To trim a string and remove whitespace and newlines:
The String trim in Objective-C/Cocoa article by Aral Balkan, unless otherwise expressly stated, is licensed under a Creative Commons Attribution-Noncommercial 2.0 UK: England License.
NSString *trimmedString = [dirtyString stringByTrimmingCharactersInSet:[NSCharacterSet whitespaceAndNewlineCharacterSet]];
For other character sets, see this reference page.
The String trim in Objective-C/Cocoa article by Aral Balkan, unless otherwise expressly stated, is licensed under a Creative Commons Attribution-Noncommercial 2.0 UK: England License.
I still don’t understand why that language is so complex…

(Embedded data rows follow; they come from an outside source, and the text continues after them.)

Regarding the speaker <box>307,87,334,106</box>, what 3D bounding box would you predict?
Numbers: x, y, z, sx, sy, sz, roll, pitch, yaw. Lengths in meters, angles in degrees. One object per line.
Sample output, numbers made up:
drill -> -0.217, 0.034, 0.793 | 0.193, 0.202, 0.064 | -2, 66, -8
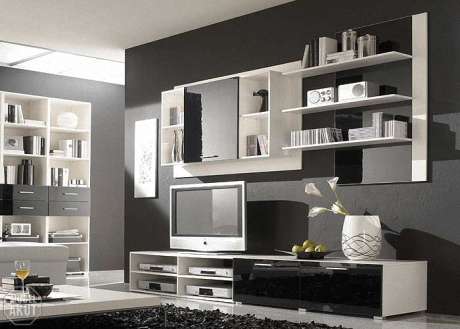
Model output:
speaker -> 0.953, -0.705, 4.474 | 0.319, 0.189, 0.090 | -6, -8, 40

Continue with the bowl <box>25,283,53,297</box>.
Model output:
bowl -> -1.128, 0.744, 2.500 | 0.135, 0.088, 0.170 | 3, -7, -25

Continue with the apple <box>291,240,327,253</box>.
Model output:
apple -> 0.798, 0.839, 4.231 | 0.214, 0.079, 0.213 | 1, -8, -12

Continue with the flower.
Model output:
flower -> 1.006, 0.350, 4.491 | 0.532, 0.431, 0.411 | -3, -7, 25

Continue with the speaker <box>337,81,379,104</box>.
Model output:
speaker -> 1.284, -0.723, 4.223 | 0.392, 0.193, 0.133 | -3, -7, 21

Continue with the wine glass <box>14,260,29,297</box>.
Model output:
wine glass -> -1.245, 0.664, 2.531 | 0.078, 0.191, 0.275 | 3, -7, -26

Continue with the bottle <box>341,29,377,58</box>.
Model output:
bottle -> 1.336, -1.230, 4.316 | 0.172, 0.229, 0.356 | -2, 5, -45

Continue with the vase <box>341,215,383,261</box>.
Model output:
vase -> 1.299, 0.737, 4.153 | 0.403, 0.424, 0.415 | 5, -9, -35
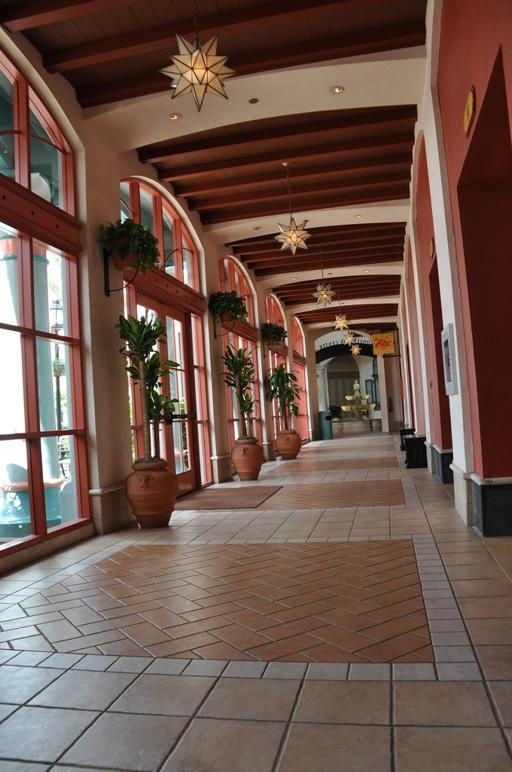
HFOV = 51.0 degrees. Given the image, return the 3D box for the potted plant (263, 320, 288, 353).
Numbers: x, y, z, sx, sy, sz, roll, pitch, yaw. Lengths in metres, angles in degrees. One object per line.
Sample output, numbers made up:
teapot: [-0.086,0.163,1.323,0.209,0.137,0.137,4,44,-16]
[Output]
potted plant: [0.427,-1.162,12.504,0.679,0.672,0.667,3,-7,-16]

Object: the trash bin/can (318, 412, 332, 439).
trash bin/can: [2.509,1.456,19.526,0.458,0.989,0.404,-6,-6,13]

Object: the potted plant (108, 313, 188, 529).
potted plant: [-1.124,0.257,5.696,0.555,2.317,1.325,-4,-6,-13]

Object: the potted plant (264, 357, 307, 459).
potted plant: [0.616,0.563,12.308,0.843,2.210,0.792,1,-6,-32]

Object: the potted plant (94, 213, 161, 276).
potted plant: [-1.277,-1.402,5.415,0.525,0.466,0.536,2,-1,21]

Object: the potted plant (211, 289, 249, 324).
potted plant: [-0.457,-1.265,8.817,0.526,0.477,0.523,0,-5,-1]
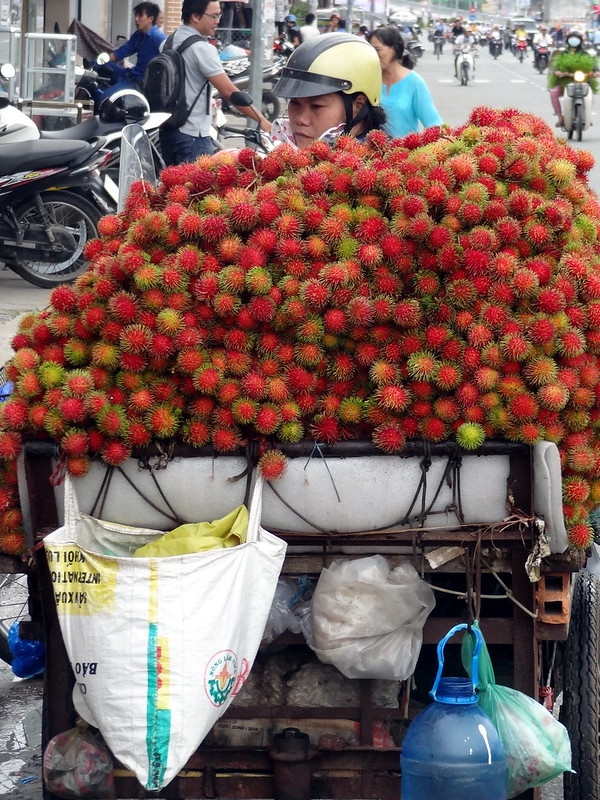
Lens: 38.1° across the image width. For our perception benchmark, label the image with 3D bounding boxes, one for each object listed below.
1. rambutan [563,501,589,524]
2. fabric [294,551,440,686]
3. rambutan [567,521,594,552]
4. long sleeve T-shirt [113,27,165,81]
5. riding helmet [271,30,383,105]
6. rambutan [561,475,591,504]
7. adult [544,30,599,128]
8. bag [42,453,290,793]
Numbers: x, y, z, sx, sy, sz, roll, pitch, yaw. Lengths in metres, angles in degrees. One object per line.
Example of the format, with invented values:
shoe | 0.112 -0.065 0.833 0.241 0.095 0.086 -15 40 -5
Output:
rambutan | 0.561 0.230 1.763 0.043 0.038 0.056 7 -24 18
fabric | 0.091 0.450 1.926 0.344 0.146 0.393 11 10 -37
rambutan | 0.564 0.276 1.778 0.062 0.058 0.059 -1 2 1
long sleeve T-shirt | -2.050 -4.535 11.314 0.692 0.545 0.365 14 23 6
riding helmet | 0.103 -1.111 2.886 0.391 0.205 0.270 -7 33 -27
rambutan | 0.553 0.178 1.748 0.054 0.051 0.055 2 2 37
adult | 5.486 -6.773 17.894 1.138 1.179 1.884 1 11 8
bag | -0.262 0.404 1.668 0.356 0.491 0.366 9 14 32
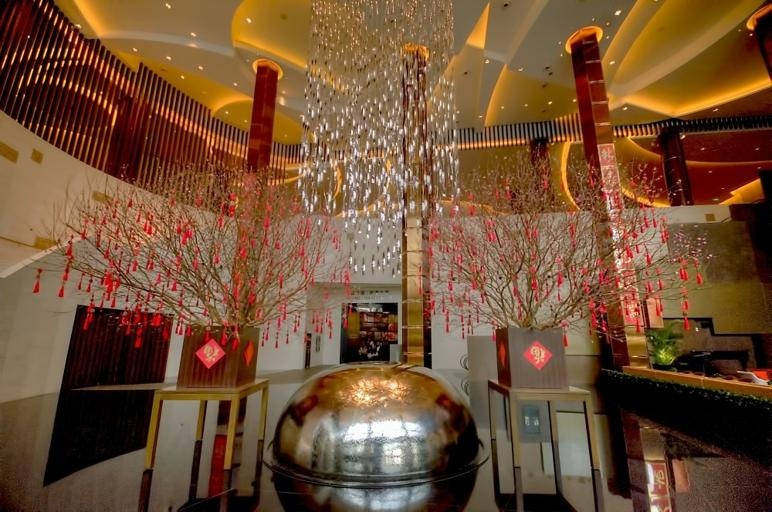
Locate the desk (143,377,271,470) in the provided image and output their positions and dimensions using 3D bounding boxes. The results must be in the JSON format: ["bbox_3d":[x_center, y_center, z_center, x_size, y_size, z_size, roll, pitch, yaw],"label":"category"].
[{"bbox_3d":[-1.972,1.732,4.630,0.956,0.810,1.016,1,-7,3],"label":"desk"}]

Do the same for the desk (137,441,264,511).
[{"bbox_3d":[-1.925,2.134,4.183,1.217,0.457,1.074,1,0,-16],"label":"desk"}]

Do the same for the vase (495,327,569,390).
[{"bbox_3d":[1.772,1.224,4.920,0.681,0.709,0.738,2,-12,-2],"label":"vase"}]

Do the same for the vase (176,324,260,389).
[{"bbox_3d":[-1.960,1.164,4.819,0.682,0.756,0.740,-1,-10,3],"label":"vase"}]

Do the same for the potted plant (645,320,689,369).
[{"bbox_3d":[6.791,2.067,9.631,0.511,1.023,2.399,-1,-1,42],"label":"potted plant"}]
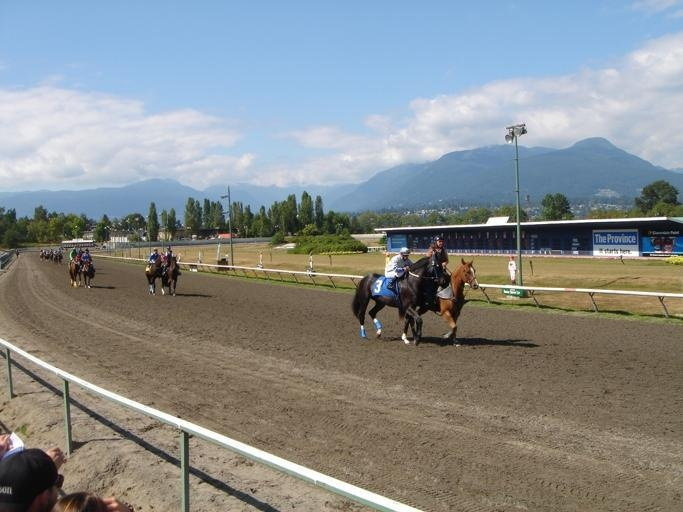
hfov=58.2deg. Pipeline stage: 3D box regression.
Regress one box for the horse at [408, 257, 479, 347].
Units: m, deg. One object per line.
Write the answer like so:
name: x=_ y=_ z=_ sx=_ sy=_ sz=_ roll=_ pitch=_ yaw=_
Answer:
horse: x=2.680 y=1.254 z=16.398 sx=0.809 sy=2.234 sz=3.071 roll=6 pitch=-5 yaw=-25

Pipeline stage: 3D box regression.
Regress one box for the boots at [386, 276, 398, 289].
boots: x=1.357 y=0.671 z=16.481 sx=0.351 sy=0.481 sz=0.261 roll=4 pitch=-1 yaw=2

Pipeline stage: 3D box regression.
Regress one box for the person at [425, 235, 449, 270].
person: x=2.493 y=-0.075 z=15.860 sx=0.483 sy=0.874 sz=0.983 roll=-2 pitch=3 yaw=8

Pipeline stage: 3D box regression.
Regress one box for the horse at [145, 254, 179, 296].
horse: x=-8.244 y=0.786 z=28.171 sx=1.327 sy=1.826 sz=2.490 roll=-3 pitch=4 yaw=-19

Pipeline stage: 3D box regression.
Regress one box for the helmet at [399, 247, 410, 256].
helmet: x=1.679 y=-0.123 z=16.163 sx=0.200 sy=0.223 sz=0.486 roll=-2 pitch=3 yaw=3

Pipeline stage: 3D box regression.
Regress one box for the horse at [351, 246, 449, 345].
horse: x=1.425 y=1.131 z=16.616 sx=0.796 sy=2.619 sz=3.240 roll=5 pitch=-5 yaw=-43
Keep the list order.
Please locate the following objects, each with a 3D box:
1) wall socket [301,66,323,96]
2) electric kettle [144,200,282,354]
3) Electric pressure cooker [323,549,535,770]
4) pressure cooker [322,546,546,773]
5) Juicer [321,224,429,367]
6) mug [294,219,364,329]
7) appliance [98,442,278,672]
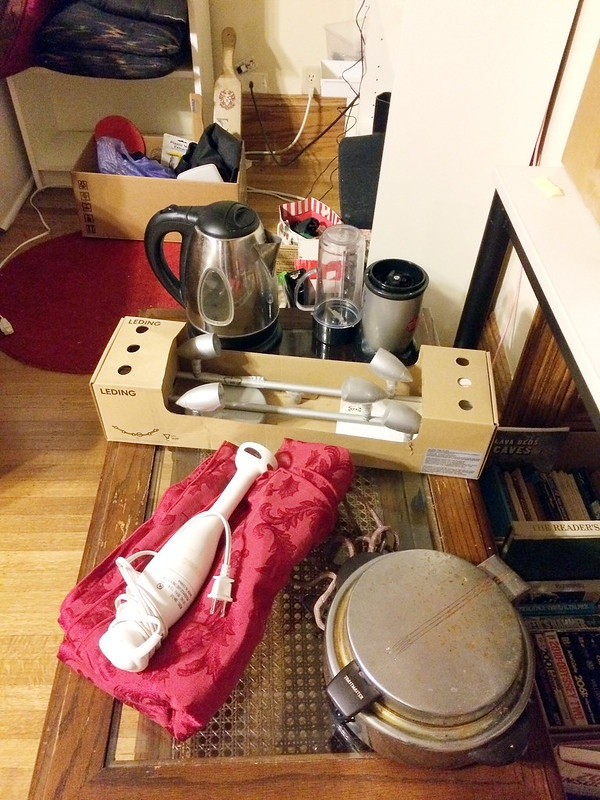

It’s an interesting one, jankees. It’s basically C with an Smalltalk-esque messaging/OO layer. The language itself is rather easy; I believe you’re balking at the conventions of the Cocoa framework (which, of course, are somewhat born out of the messaging syntax in Obj-C). Thing is, Cocoa is a very good example of literate programming: method signatures may be ridiculously long but you’re not supposed to type them in yourself (XCode either auto-completes for you, or, when implementing delegate/datasource methods, you copy the method signatures out of the documentation). The documentation is an *essential* part of the development process (compare to Python, for example, where you don’t need documentation, especially if you have the iPython shell, or to AS3 where you *do* need documentation and don’t have it!) :)
So, yes, it is a framework with verbose conventions but the whole system (IDE, documentation, etc. works really well together). I do enjoy developing with.
Hi Aral,
Thanks for the reply, I’m still more into AS3 at the moment, but maybe I should spend some more time on Cocoa. Do you have any good starting points? Where did you start?
Thanks,
Jankees
Is this trimmed string autoreleased? Or should I release it after using it?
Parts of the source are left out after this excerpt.